PROBLEM REQUIREMENTS — Quote the lines below from the one containing "An invented example" to the final line, both ends included; exclude the pictures.

[Stored entries]

BEGIN

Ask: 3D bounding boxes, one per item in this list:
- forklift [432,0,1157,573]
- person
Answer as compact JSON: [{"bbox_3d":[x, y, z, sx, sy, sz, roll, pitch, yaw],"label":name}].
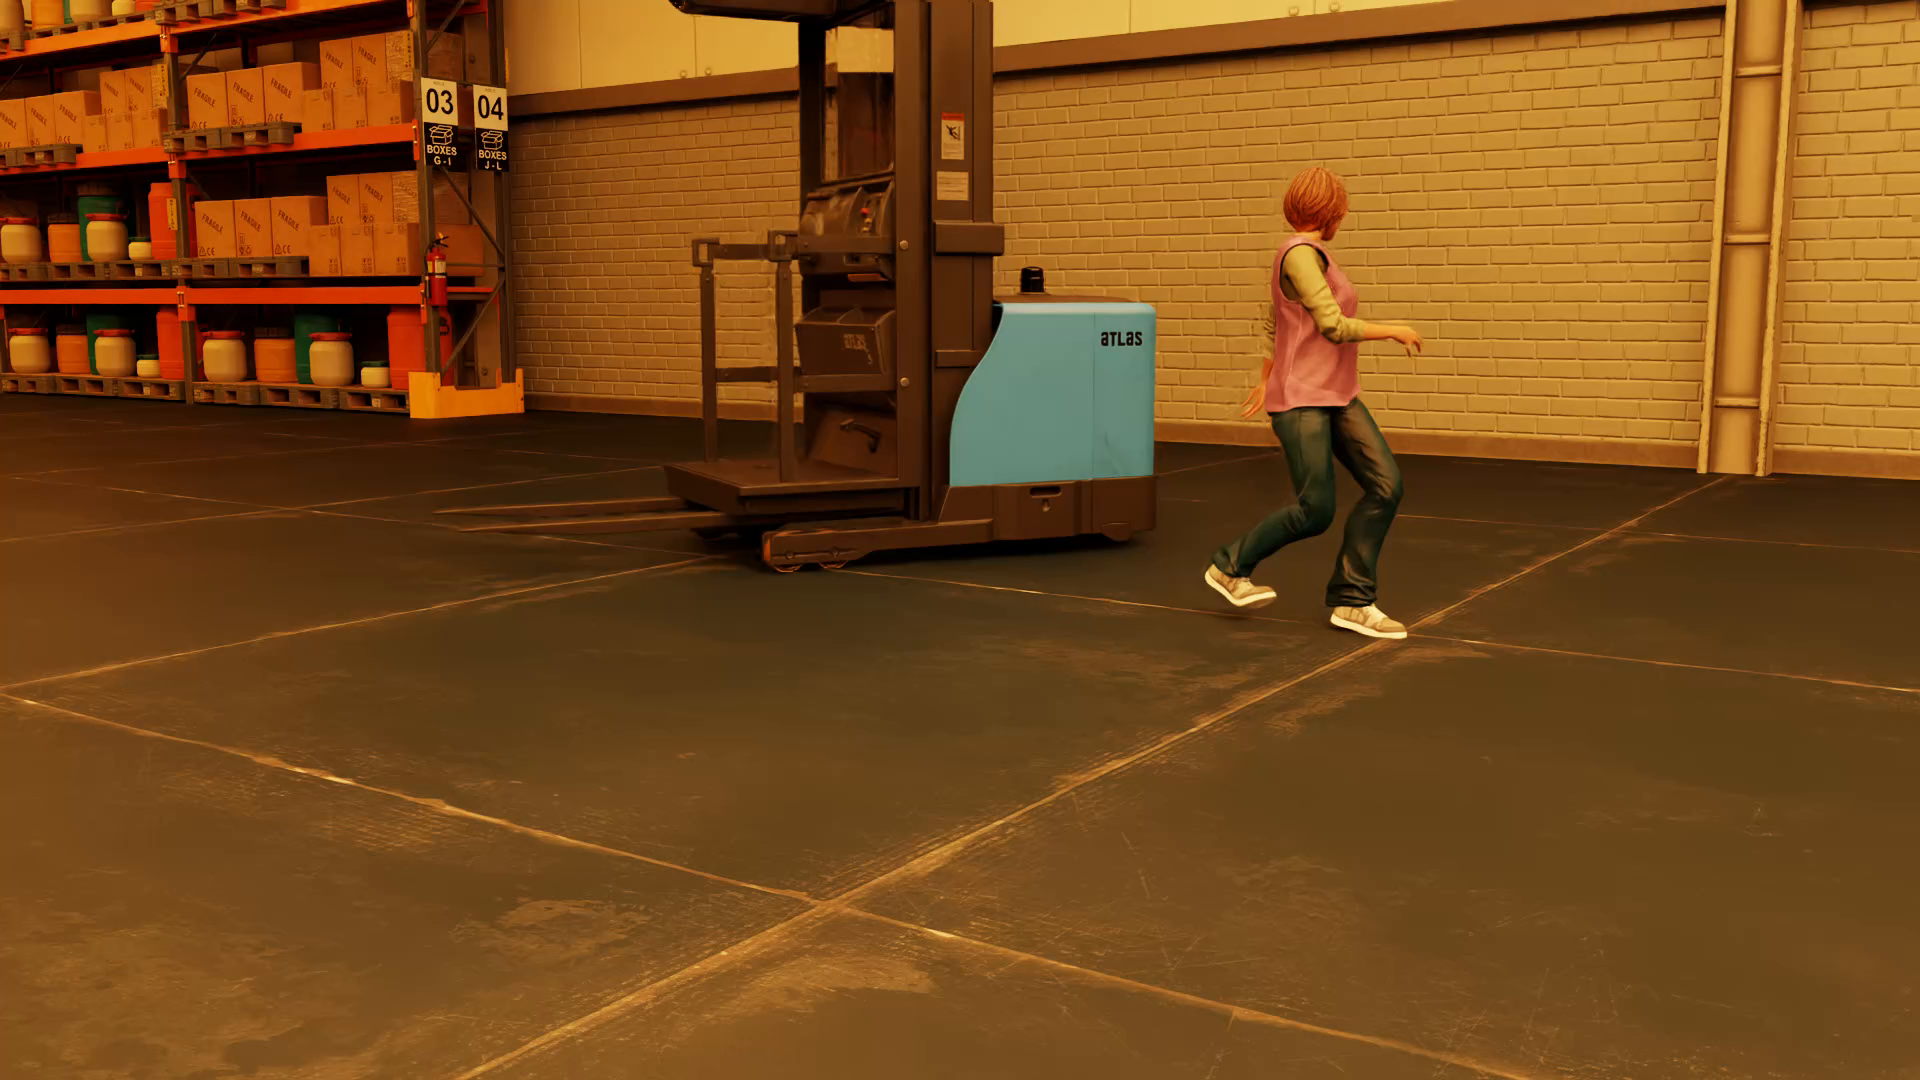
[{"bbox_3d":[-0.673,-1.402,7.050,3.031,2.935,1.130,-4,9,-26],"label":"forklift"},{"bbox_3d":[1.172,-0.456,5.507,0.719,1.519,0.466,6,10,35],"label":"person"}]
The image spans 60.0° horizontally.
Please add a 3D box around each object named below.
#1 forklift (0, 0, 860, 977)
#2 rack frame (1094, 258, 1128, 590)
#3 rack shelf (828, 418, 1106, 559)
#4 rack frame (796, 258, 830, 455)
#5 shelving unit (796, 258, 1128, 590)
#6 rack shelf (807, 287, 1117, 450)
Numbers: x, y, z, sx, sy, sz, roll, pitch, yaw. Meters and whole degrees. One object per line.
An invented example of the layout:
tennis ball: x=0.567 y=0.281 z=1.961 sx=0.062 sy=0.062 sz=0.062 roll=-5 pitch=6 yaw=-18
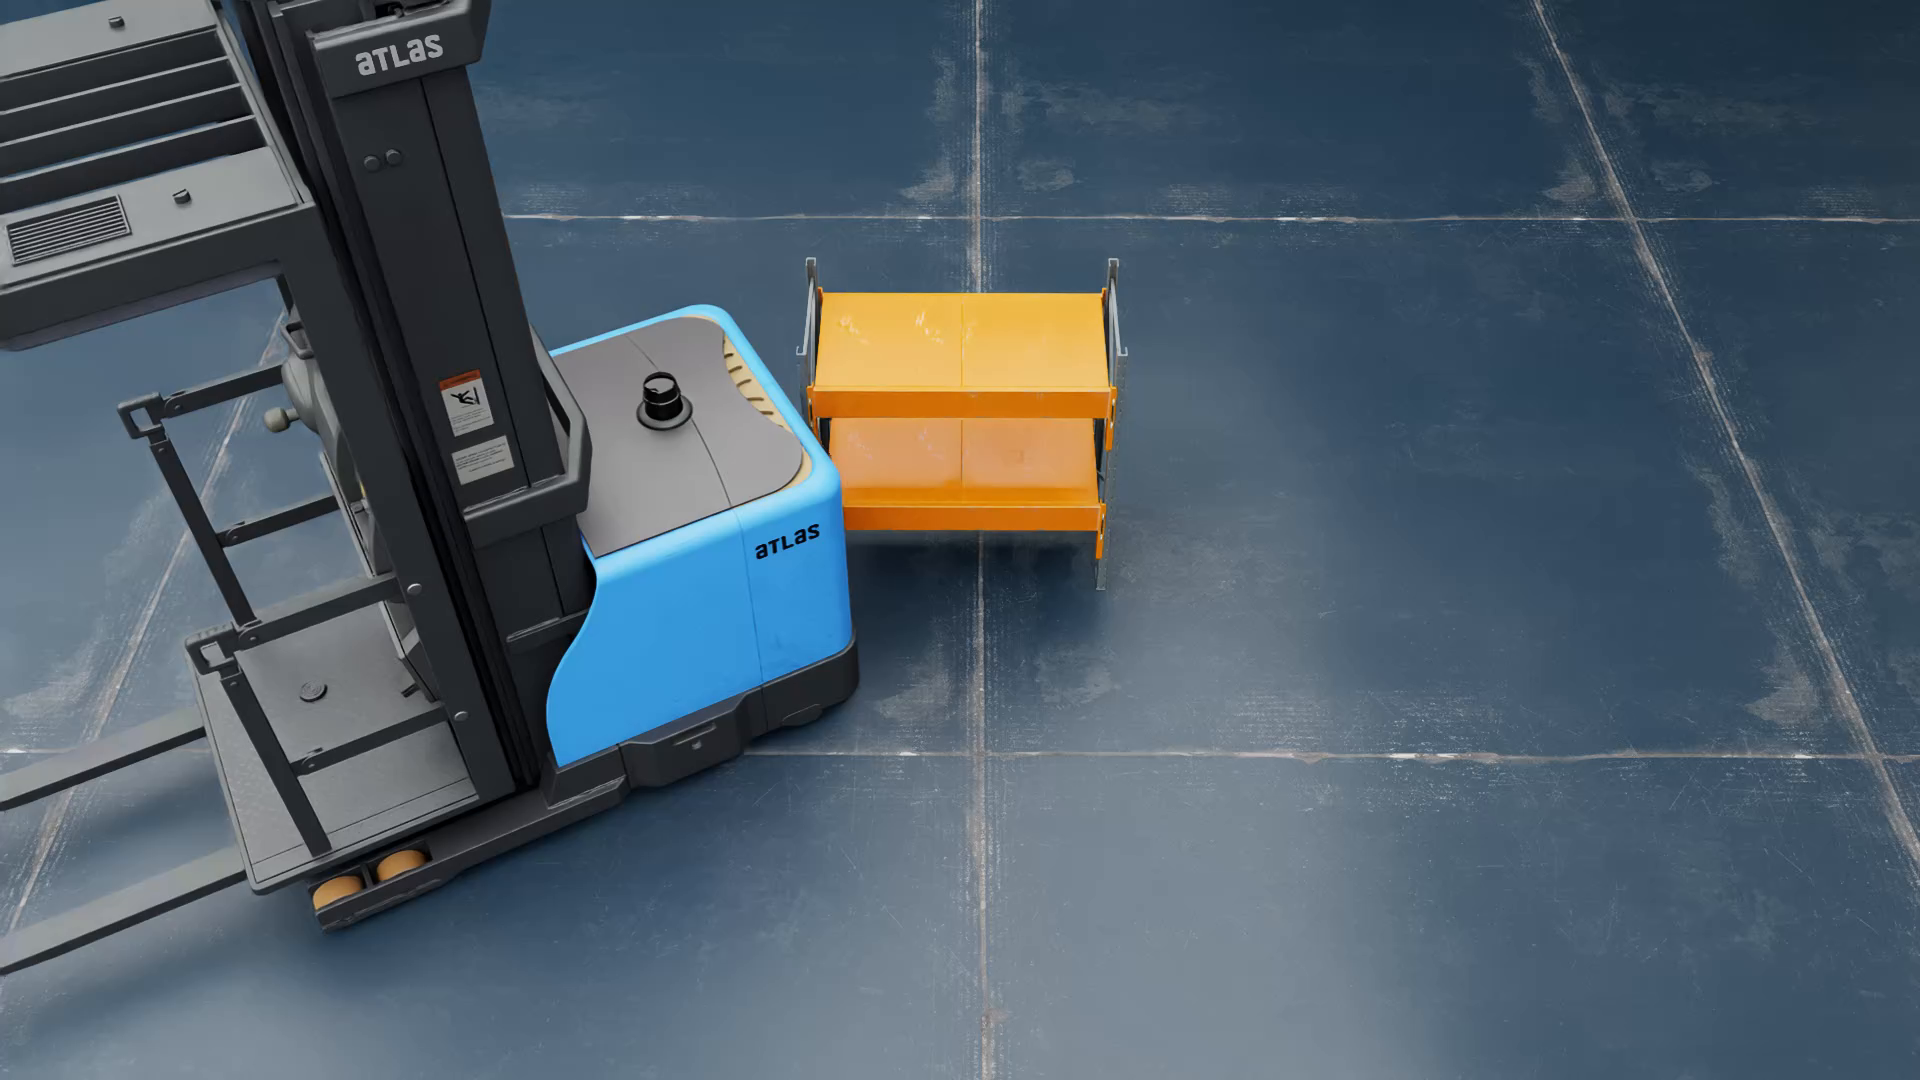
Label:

END

RESPONSE AREA —
An invented example of the layout:
tennis ball: x=0.567 y=0.281 z=1.961 sx=0.062 sy=0.062 sz=0.062 roll=-5 pitch=6 yaw=-18
Label:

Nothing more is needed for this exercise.